Pharmaceuticals and pharmaphobes

Article

It can take years to establish the safety and efficacy of new drug therapies. What should we do in the meantime?

Tom StosselIdeally, evidence proving the effectiveness and safety of pharmaceutical products would inform all efforts to prevent and cure disease. However, establishing such proof takes years. What should we do in the meantime? 

While subject to much criticism, FDA has established a reasonable solution. If its thorough review indicates that a treatment safely promises potential benefits, the agency can approve its use before decisive evidence exists.

Unfortunately, grandstanding by individuals I define as “pharmaphobes,” some of whom have achieved influential status in medicine, can sabotage this sensible compromise. A prime example was exposed recently when the New England Journal of Medicine reported results of a clinical trial dubbed “IMPROVE-IT.”
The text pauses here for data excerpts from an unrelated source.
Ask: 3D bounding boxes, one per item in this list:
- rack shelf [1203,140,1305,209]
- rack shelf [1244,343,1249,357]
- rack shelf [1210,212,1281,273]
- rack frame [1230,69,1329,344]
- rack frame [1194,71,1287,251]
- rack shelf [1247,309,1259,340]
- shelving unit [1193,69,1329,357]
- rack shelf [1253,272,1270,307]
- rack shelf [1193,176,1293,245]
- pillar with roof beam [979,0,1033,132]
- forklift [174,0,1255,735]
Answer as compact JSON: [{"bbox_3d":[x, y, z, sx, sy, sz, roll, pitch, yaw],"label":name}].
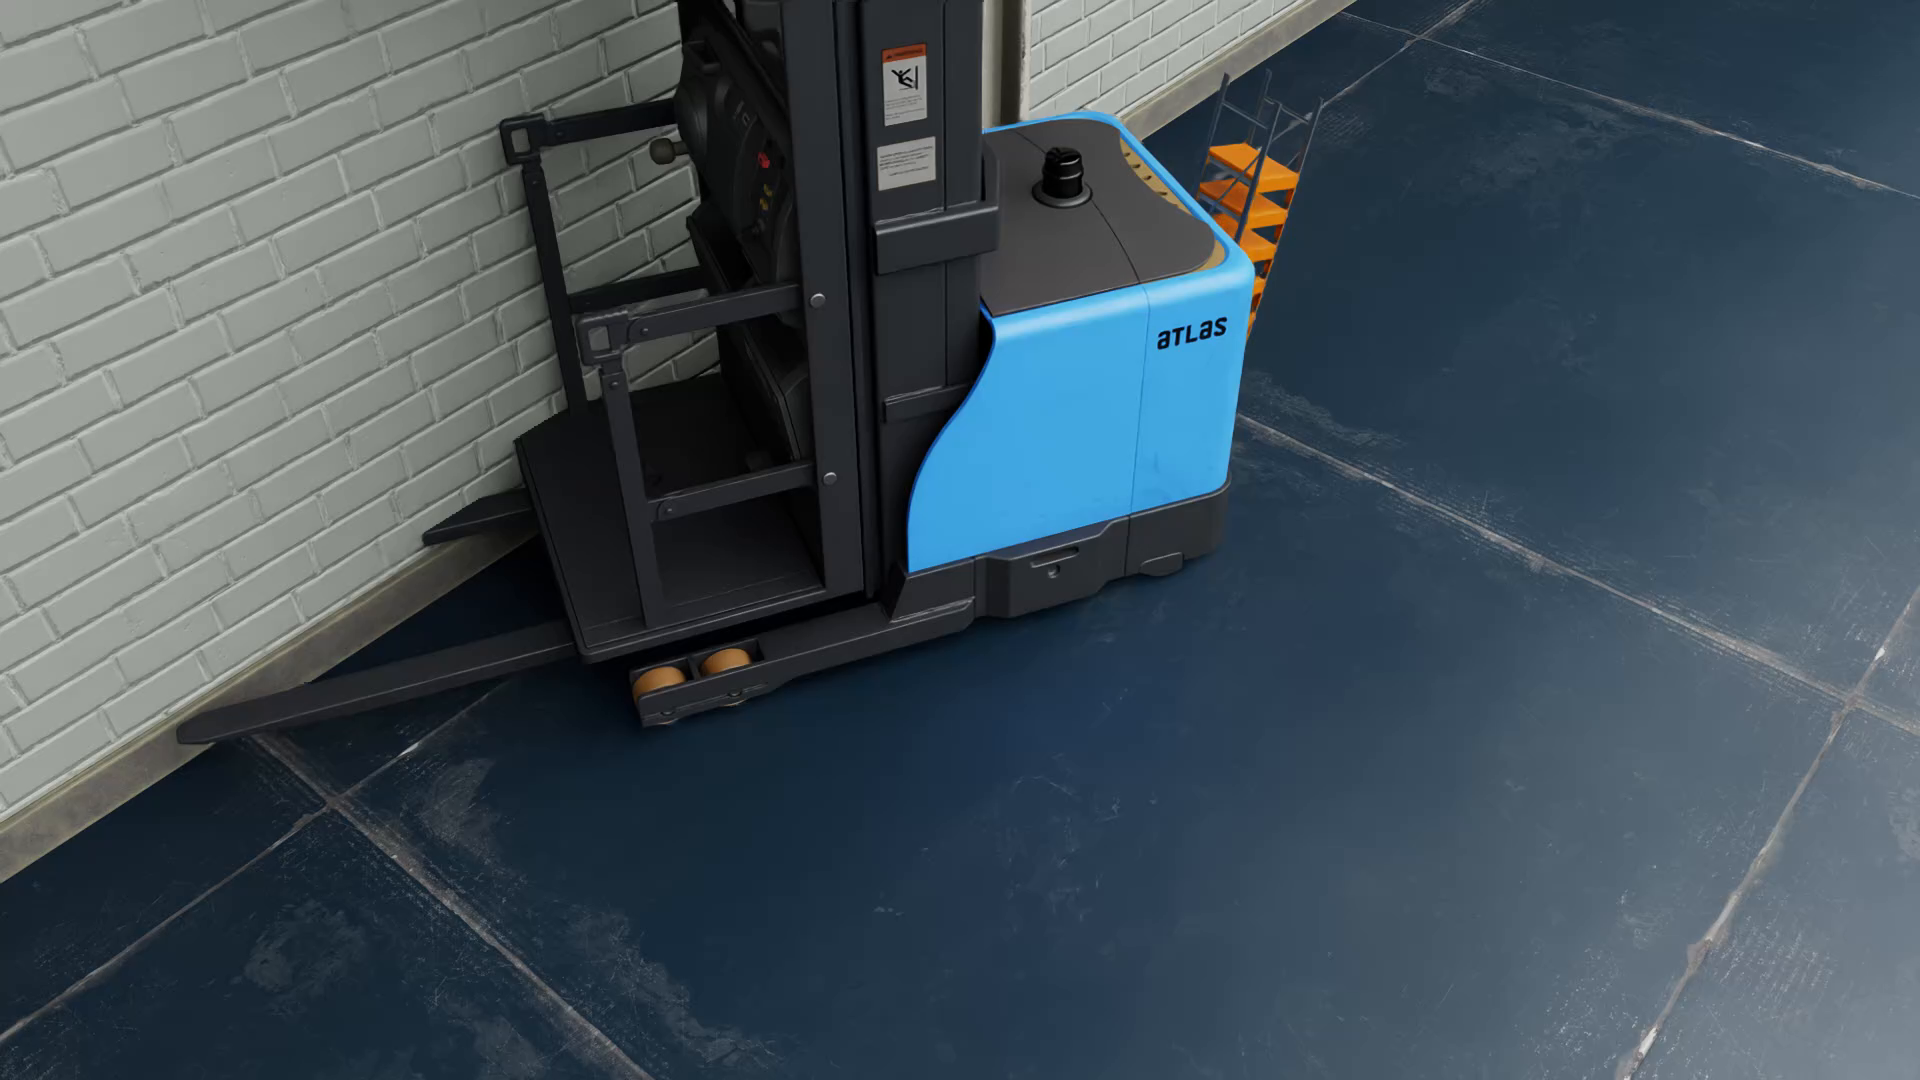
[{"bbox_3d":[0.903,-1.131,5.137,0.180,0.103,0.258,-15,43,-35],"label":"rack shelf"},{"bbox_3d":[0.788,-0.645,5.470,0.180,0.103,0.258,-15,43,-35],"label":"rack shelf"},{"bbox_3d":[0.857,-0.937,5.270,0.180,0.103,0.258,-15,43,-35],"label":"rack shelf"},{"bbox_3d":[0.915,-0.894,5.365,0.006,1.200,0.240,-15,43,-35],"label":"rack frame"},{"bbox_3d":[0.770,-0.857,5.260,0.006,1.200,0.240,-15,43,-35],"label":"rack frame"},{"bbox_3d":[0.811,-0.742,5.403,0.180,0.103,0.258,-15,43,-35],"label":"rack shelf"},{"bbox_3d":[0.843,-0.875,5.312,0.189,1.200,0.258,-15,43,-35],"label":"shelving unit"},{"bbox_3d":[0.834,-0.839,5.337,0.180,0.103,0.258,-15,43,-35],"label":"rack shelf"},{"bbox_3d":[0.880,-1.034,5.204,0.180,0.103,0.258,-15,43,-35],"label":"rack shelf"},{"bbox_3d":[3.299,-2.438,1.242,9.100,9.000,0.400,29,50,28],"label":"pillar with roof beam"},{"bbox_3d":[-0.756,-0.977,4.145,3.031,2.935,1.130,-14,44,-15],"label":"forklift"}]
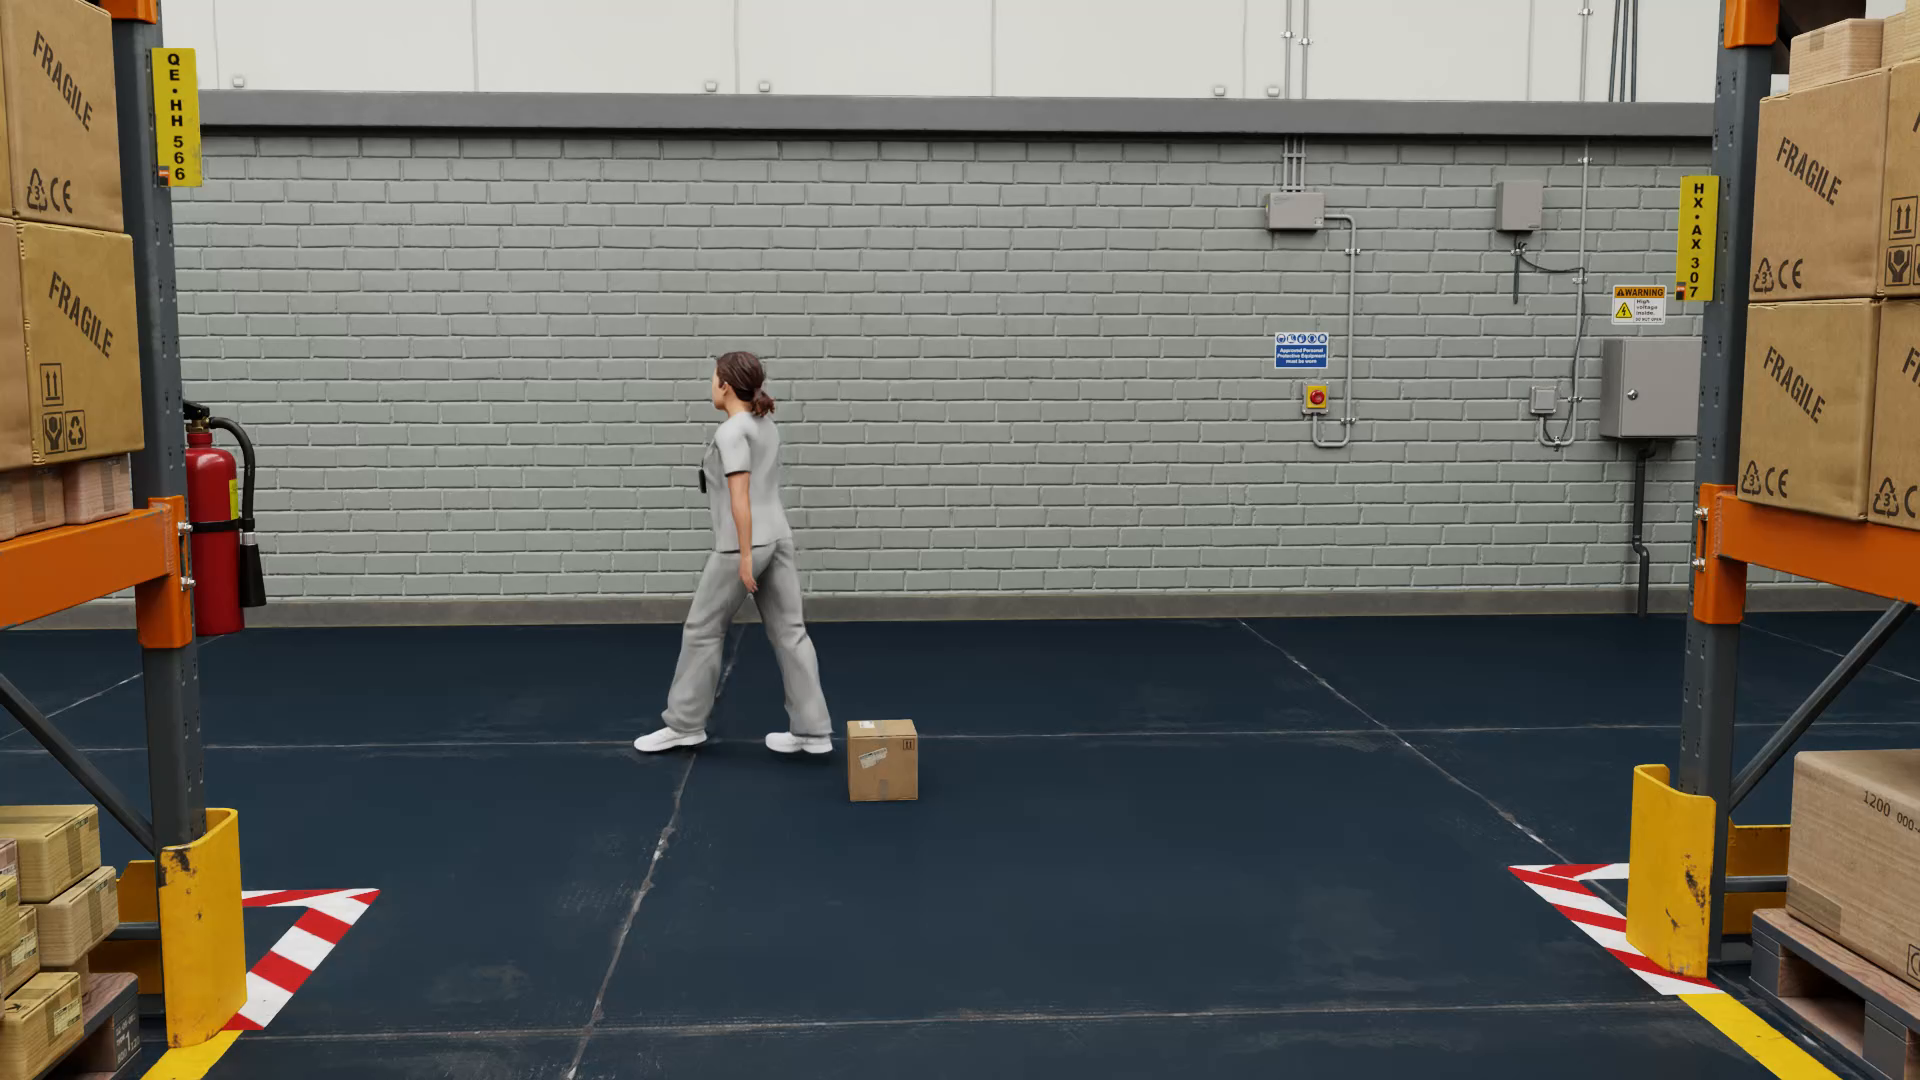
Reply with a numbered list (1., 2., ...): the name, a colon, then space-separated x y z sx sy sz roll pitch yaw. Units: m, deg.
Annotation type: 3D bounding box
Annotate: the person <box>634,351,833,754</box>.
1. person: -0.889 0.061 6.813 0.844 1.635 0.454 4 8 27
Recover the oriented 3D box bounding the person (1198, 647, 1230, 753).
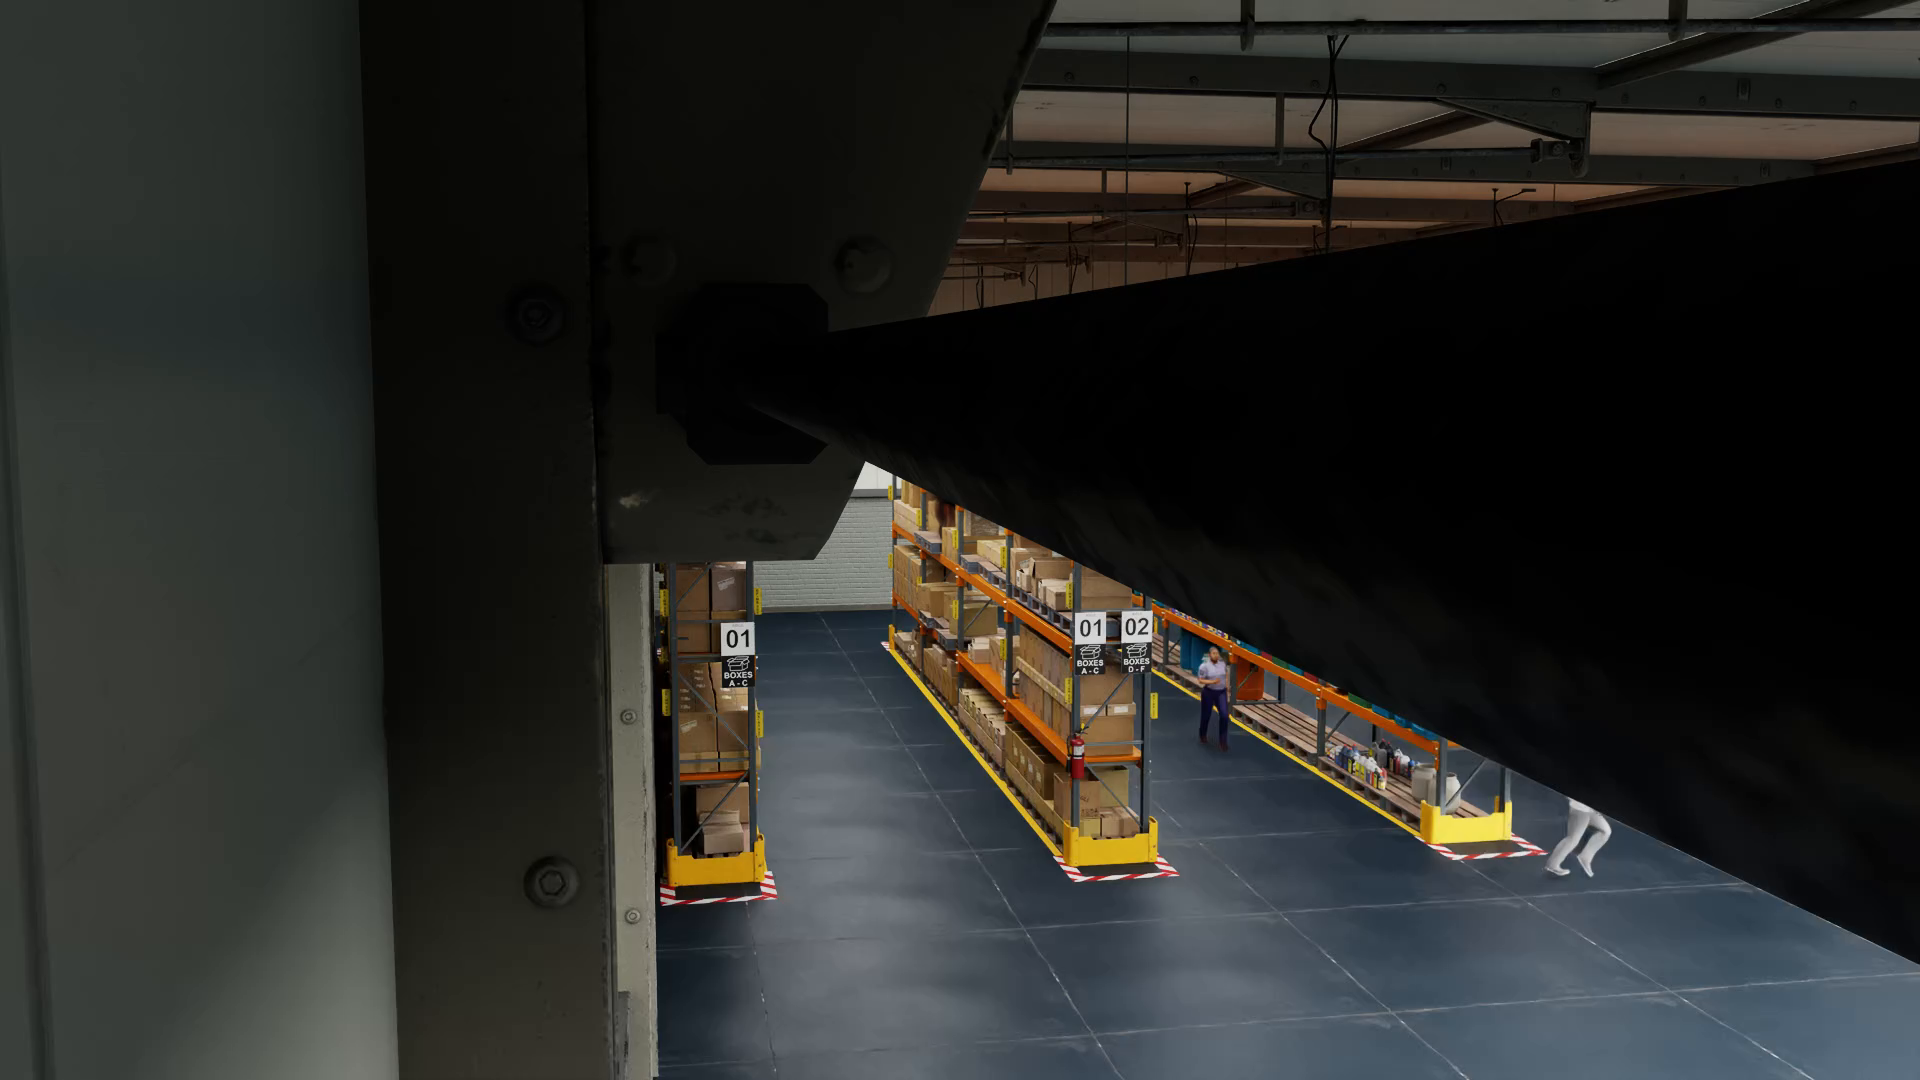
[{"bbox_3d":[4.141,2.582,27.147,0.576,1.706,0.764,-1,6,-9],"label":"person"}]

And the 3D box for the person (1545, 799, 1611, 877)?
[{"bbox_3d":[7.637,3.295,20.324,0.823,1.685,0.584,3,7,23],"label":"person"}]
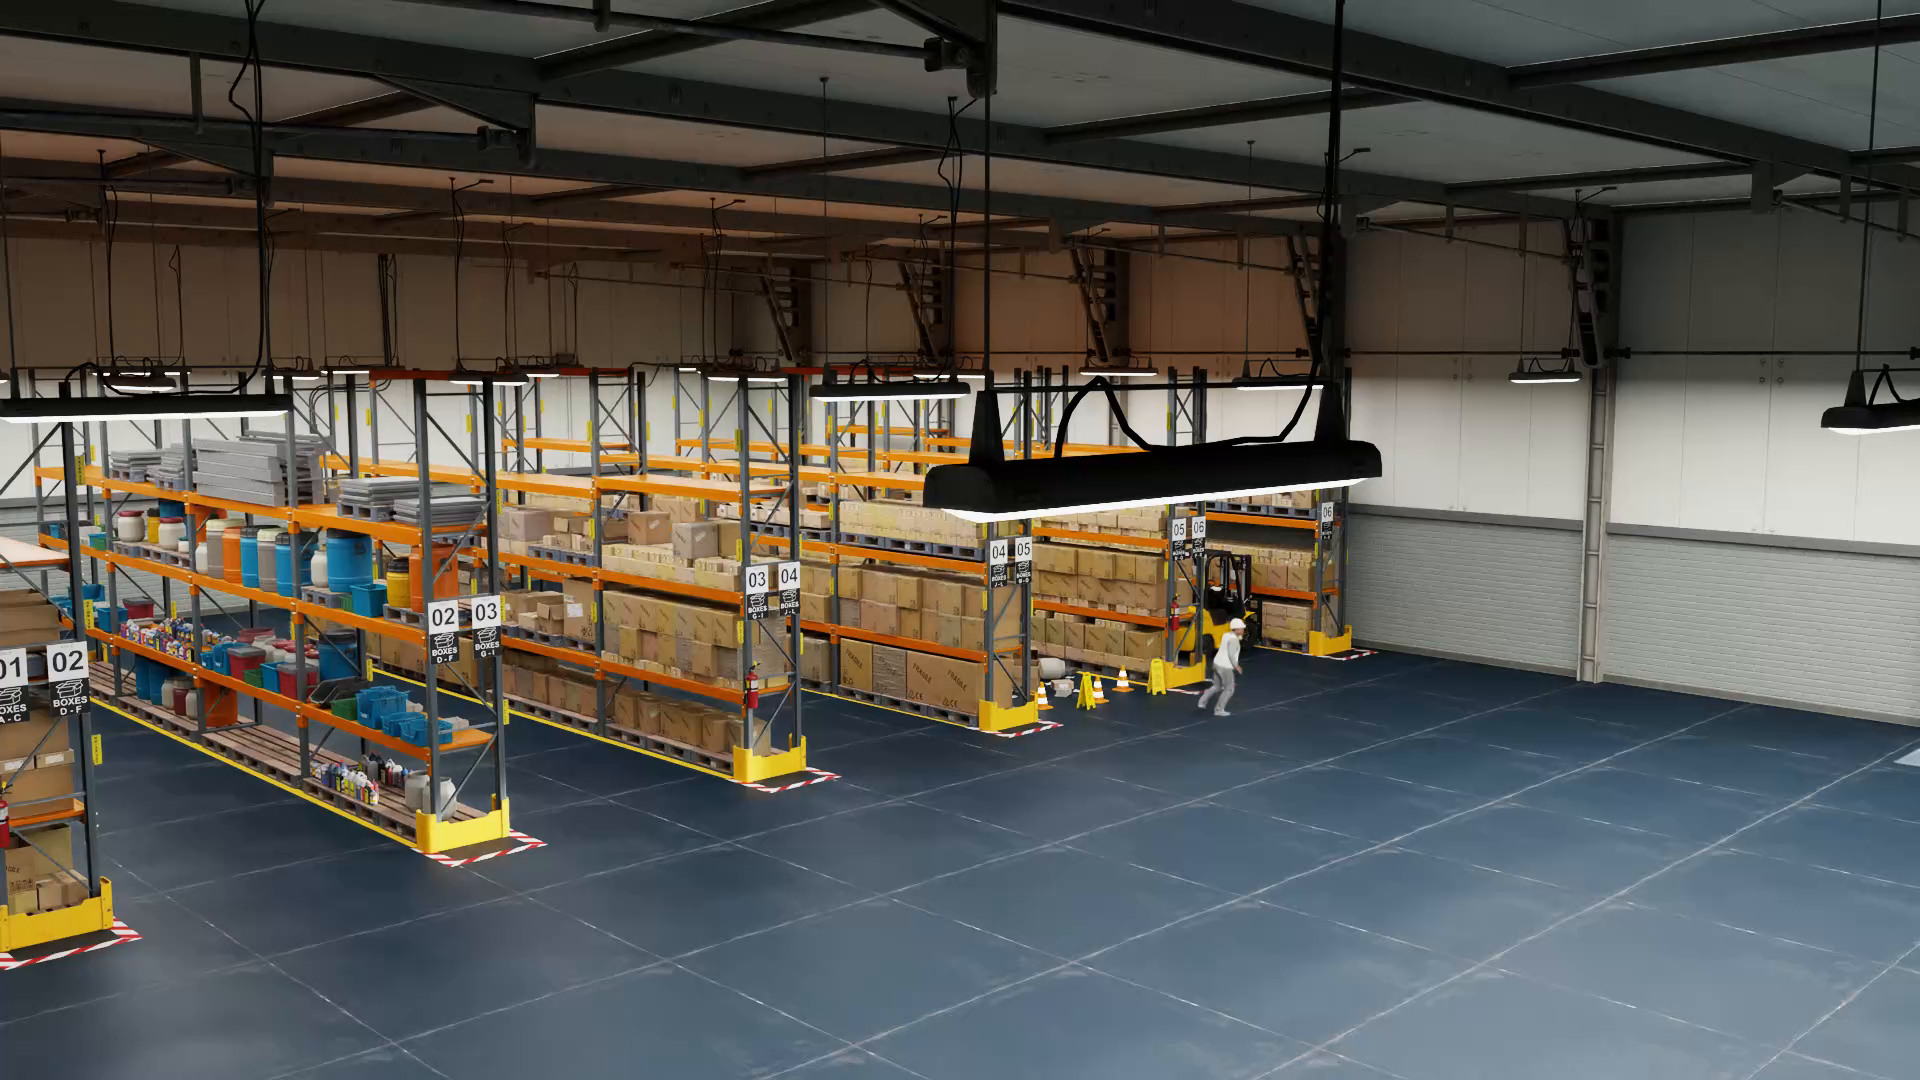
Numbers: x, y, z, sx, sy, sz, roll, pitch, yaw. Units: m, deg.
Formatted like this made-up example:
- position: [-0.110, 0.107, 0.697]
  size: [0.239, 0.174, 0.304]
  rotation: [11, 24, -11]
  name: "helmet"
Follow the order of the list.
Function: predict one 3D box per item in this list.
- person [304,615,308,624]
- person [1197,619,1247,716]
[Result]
- position: [-14.547, 1.366, 37.229]
  size: [0.626, 1.573, 0.531]
  rotation: [-2, 7, -19]
  name: "person"
- position: [4.574, 2.218, 29.013]
  size: [0.798, 1.715, 0.646]
  rotation: [-1, 7, -11]
  name: "person"

See also: Trial shows cholesterol-lowering benefit of statin plus ezetimibe

Decisive outcome

In that study, more than 18,000 subjects who had previously suffered heart attacks were randomly prescribed one of two drugs designed to lower “bad” cholesterol (LDL-C), high levels of which are linked to heart attacks and strokes. One of the drugs, simvastatin (Zocor; Merck), inhibits the liver’s ability to produce LDL-C; the other, Vytorin, combined that statin with another chemical, Zetia (ezetimibe; Merck/Schering Plough), which prevents absorption of cholesterol from food and had been used previously to lower LDL-C in patients unable to tolerate statins.

The IMPROVE-IT results were decisive. They confirmed that Vytorin is safe and, in addition, clearly superior in lowering LDL-C, significantly diminishing the incidence of heart attacks, strokes, and related deaths.

Vytorin should have been a great public-health success story, but it has fallen short of its promise. Here’s why.

The back story

High LDL-C levels have been documented in heart attack and stroke patients since the 1950s, but skepticism reigned as to whether the elevated LDL-C actually caused these complications. Nevertheless, in 1987 FDA approved the first statin solely on the basis of its LDL-C-lowering ability, leaving prescribing physicians to decide whether doing so would have any clinical benefit. In 1994, the results of a clinical trial eliminated those doubts: The statin reduced heart attacks by 30%.

Subsequently, accumulated evidence indicated that what we used to think were “normal” LDL-C levels were too high, and additional LDL-C reduction, achievable with more potent statins, has contributed to a steady decline in death and disability resulting from vascular disease. Vytorin reduces LDL-C and is an alternative remedy for individuals who cannot tolerate statins or are unresponsive to them.

As with the first statin, FDA initially approved Vytorin in 2004 solely on the basis of its ability to reduce LDL-C safely. While physicians then prescribed it for patients, Vytorin’s makers could not claim that the lower LDL-C actually improved health outcomes. Therefore, the manufacturers sponsored leading clinical trial experts to conduct IMPROVE-IT in hopes of proving Vytorin’s clinical benefits. 

 

The attack of the pharmaphobes

In early 2008, prominent pharmaphobes pounced on a study Vytorin’s manufacturers had hoped might be a shortcut to demonstrating those benefits. Researchers compared the ability of Vytorin to that of a statin alone to widen the inner diameters of blood vessels in the neck. They saw no differences. 

The study methods were controversial, the number of test subjects small, and reasonable explanations existed for the negative outcome. Nevertheless, the New England Journal of Medicine editorialized that patients who did not respond adequately to statins should resort to diet, exercise, and other drugs available at the time. Those drugs, however, are not well tolerated and were subsequently shown, like diet and exercise, to be ineffective at lowering cholesterol. 

Other pharmaphobes piled on. The press disseminated the opinions of prominent academic physicians calling for a moratorium on the use of Vytorin or characterizing it as “an expensive placebo.”

The upshot

The prescribing of Vytorin abruptly declined, and the market capitalization of Vytorin’s manufacturers fell by $22 billion within a week. The reduction in Vytorin prescribing engendered by these events nearly doubled the time – and expense – required to complete the IMPROVE-IT trial.

In consequence, thanks to the authoritative opinion that precipitated the underutilization of Vytorin while we awaited the hoped-for reassurance that Vytorin really works, statin-resistant patients were deprived of its benefits and physicians were deprived of legitimate prescribing options.

Thomas P. Stossel is American Cancer Society Professor of Medicine at Harvard Medical School and a visiting scholar of The American Enterprise Institute. His book, Pharmaphobia: How the Conflict of Interest Myth Undermines American Medical Innovation, was recently published by Rowman & Littlefield.